There is a great scene in which one of Lewis’ fellow professors remarks on how much Lewis had been praying over his wife’s situation. Lewis responds: “That’s not why I pray, Harry.

I pray because I can’t help myself. I pray because I’m helpless. I pray because the need flows out of me all the time, waking and sleeping. It doesn’t change God, it changes me.” I’ll confess that, though I saw this movie more than 20 years ago, I think about this scene often and have quoted it on more than one occasion when talking with folks who struggle with prayer.

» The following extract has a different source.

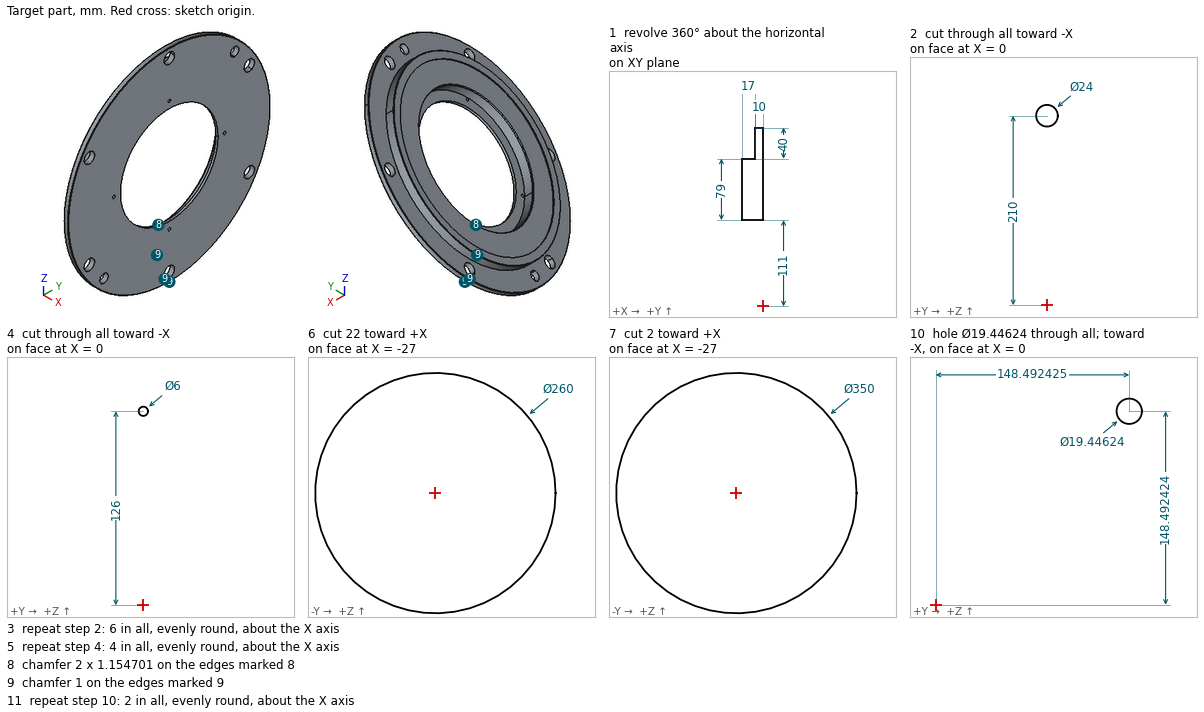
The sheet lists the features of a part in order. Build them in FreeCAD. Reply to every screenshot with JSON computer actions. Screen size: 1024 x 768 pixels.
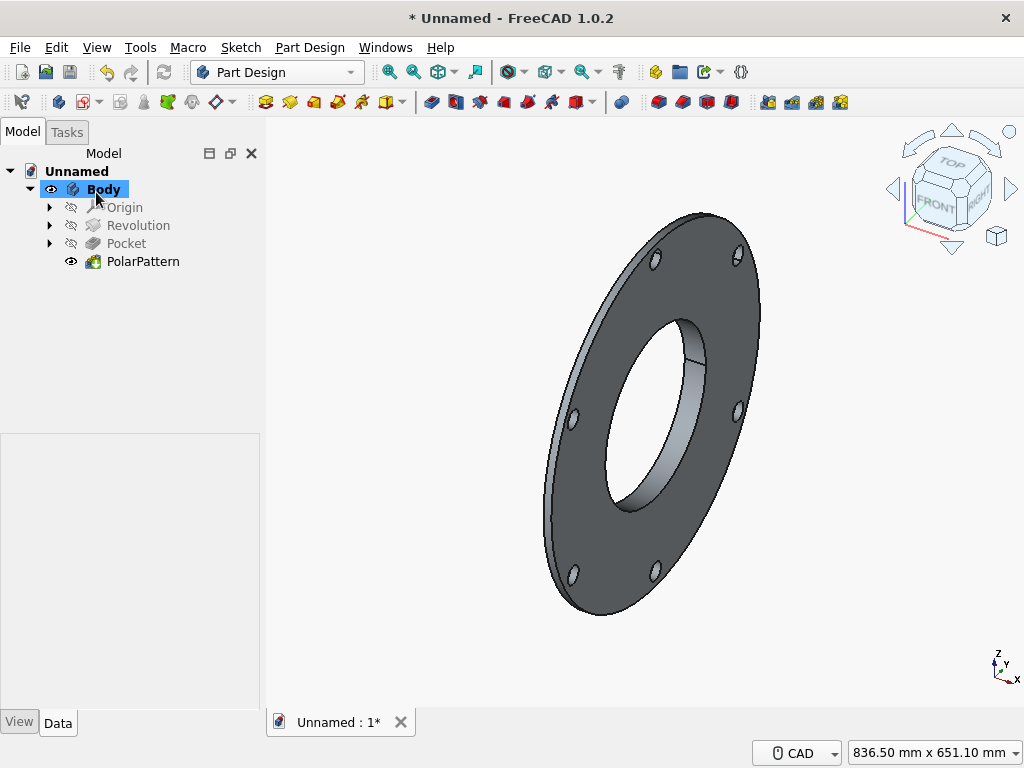
{"action": "left_click", "coordinate": [596, 571]}

It’s easy to see prayer as though it’s a kind of vending machine, where we put in our thoughts and requests. In exchange, God gives us what we want. This isn’t really how it works. God answers prayers, but sometimes He answers them in His own timing or in ways we don’t like or understand. I have heard folks tell grieving parents that their prayers for the healing of their children went unanswered because they lacked faith. This is a misunderstanding of what the Bible teaches on prayer. The reality is that part of prayer is petitioning God for intervention, but part of it is expressing our hearts to Him, saying thank you to Him for the things He does, asking for forgiveness for sin, etc. I try to have conversations with my wife every day because it’s a part of being married.

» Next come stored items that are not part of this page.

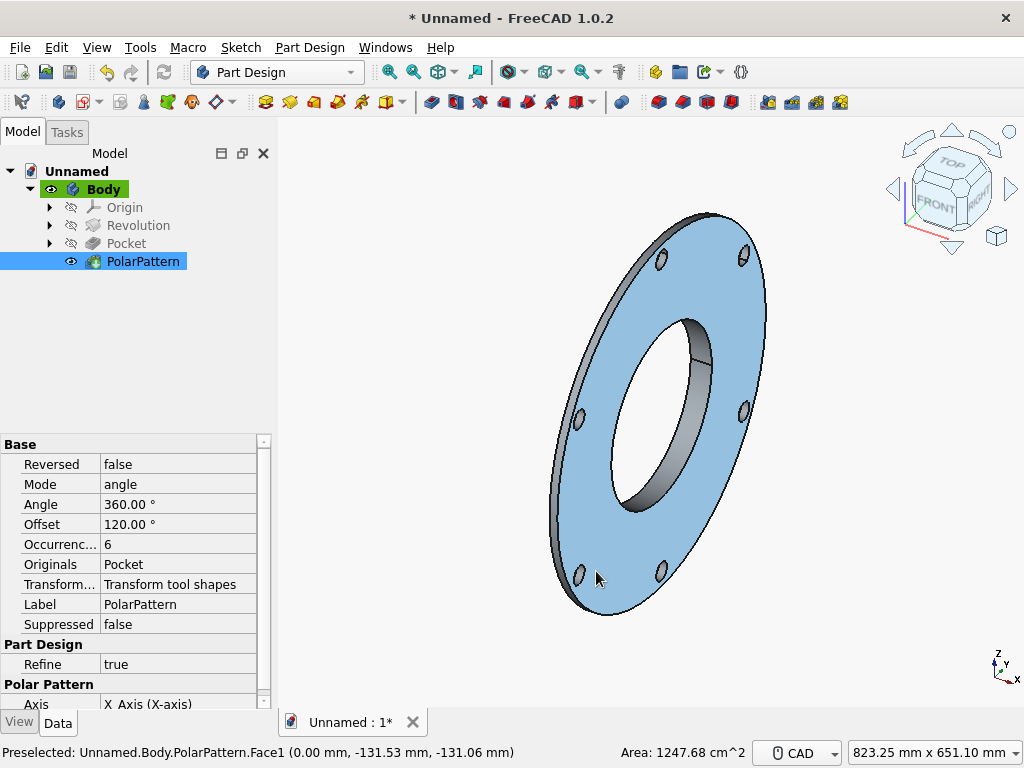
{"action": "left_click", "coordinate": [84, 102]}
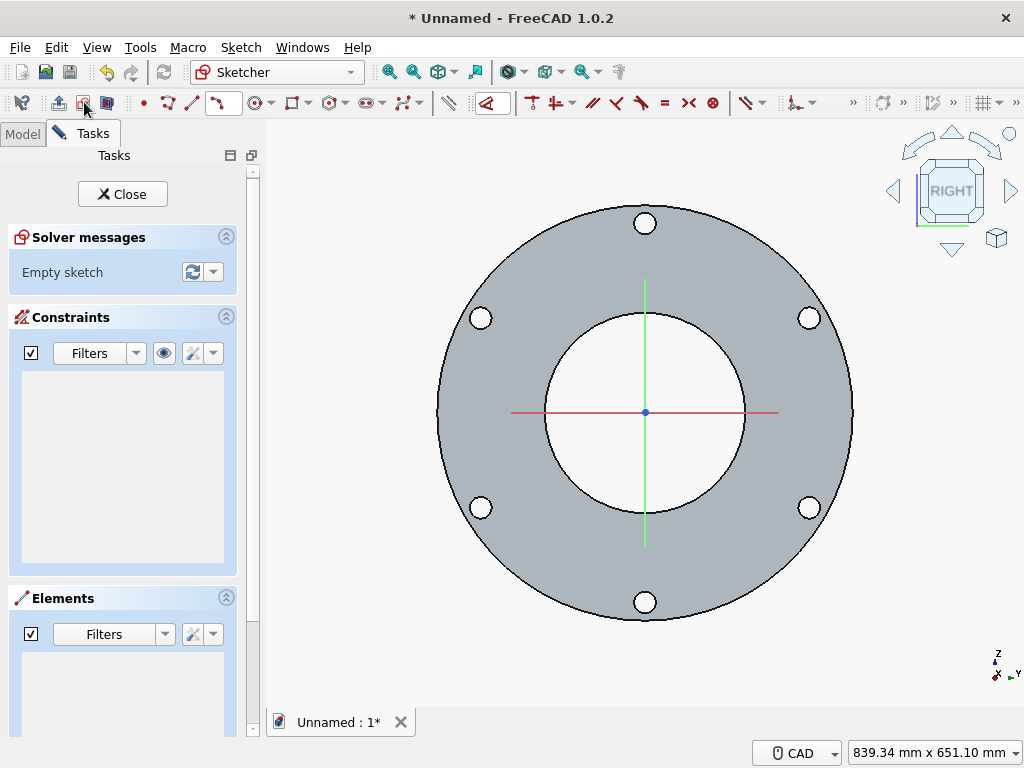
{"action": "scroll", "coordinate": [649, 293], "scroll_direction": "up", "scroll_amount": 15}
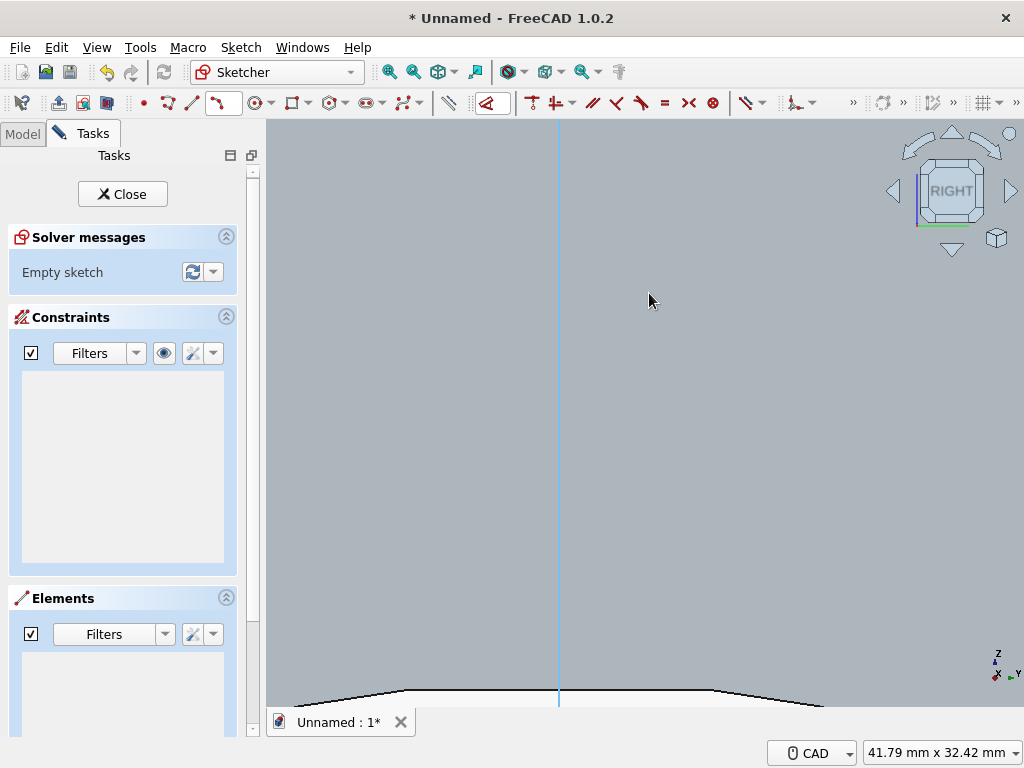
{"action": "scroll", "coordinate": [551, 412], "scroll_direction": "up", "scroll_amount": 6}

It would be pretty base of me to have 3 or 4 conversations and then give up altogether because she didn’t bring me breakfast in bed. We don’t have conversations with our loved ones to get things from them. We talk to them as a part of knowing them and being known by them. Conversation is fundamental to relationship.

Talking to God is part of having a relationship with Him. If you look at the book of Psalms in the Bible, you can see that many of the prayers are about asking for needs to be met, but most deal with praising God or saying thank you. The Lord’s Prayer, which is found the Gospels and was taught by Jesus to His disciples, is 7 lines long. Two of those lines deal with asking God for protection or provision. The other five are about forgiveness or acknowledging God’s position and care.

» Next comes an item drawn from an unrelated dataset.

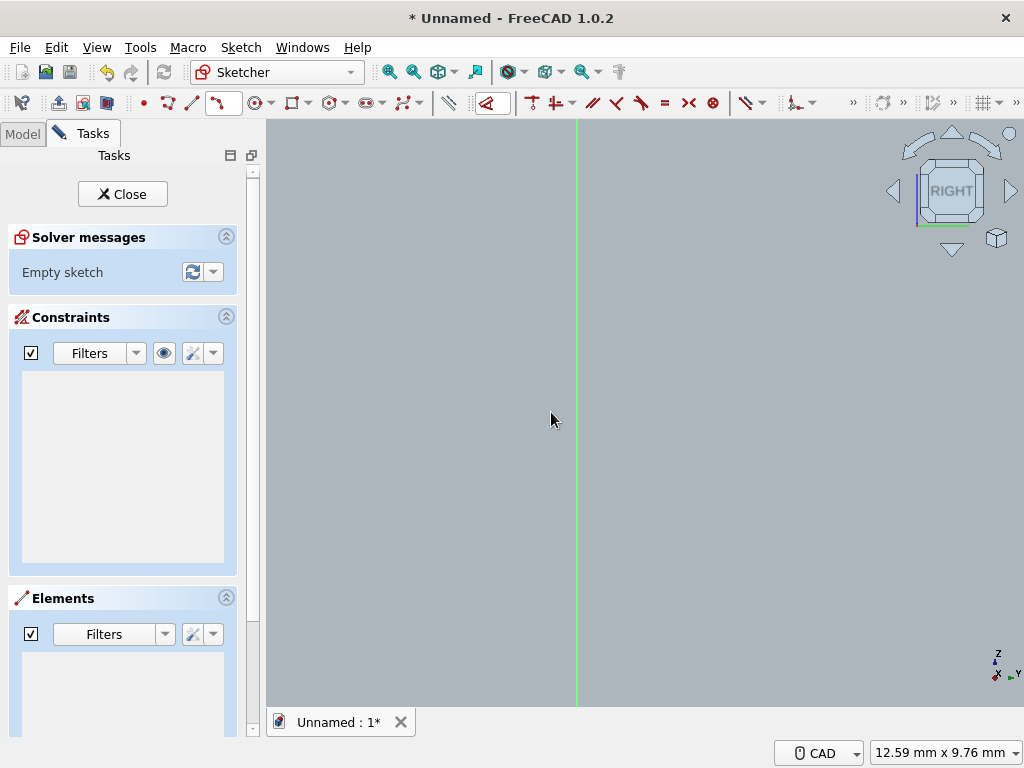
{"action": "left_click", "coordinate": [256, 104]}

It’s easy to miss the conversational component when talking to God or to forget to say thank you when we enjoy a blessing He has given us or to cry out to him when we are depressed or frustrated. I often try to start my prayer times by thinking about the stuff that should be praised about God and His work. It’s strange how looking for those things shifts my mind into a place where I notice them more often. The same can be said of saying thanks to God. The more we make it a point to thank God for the gifts He gives us, the more we learn to appreciate when we get them. Certainly God answers prayer as well, but a huge part of asking is talking to God. Doing so changes us.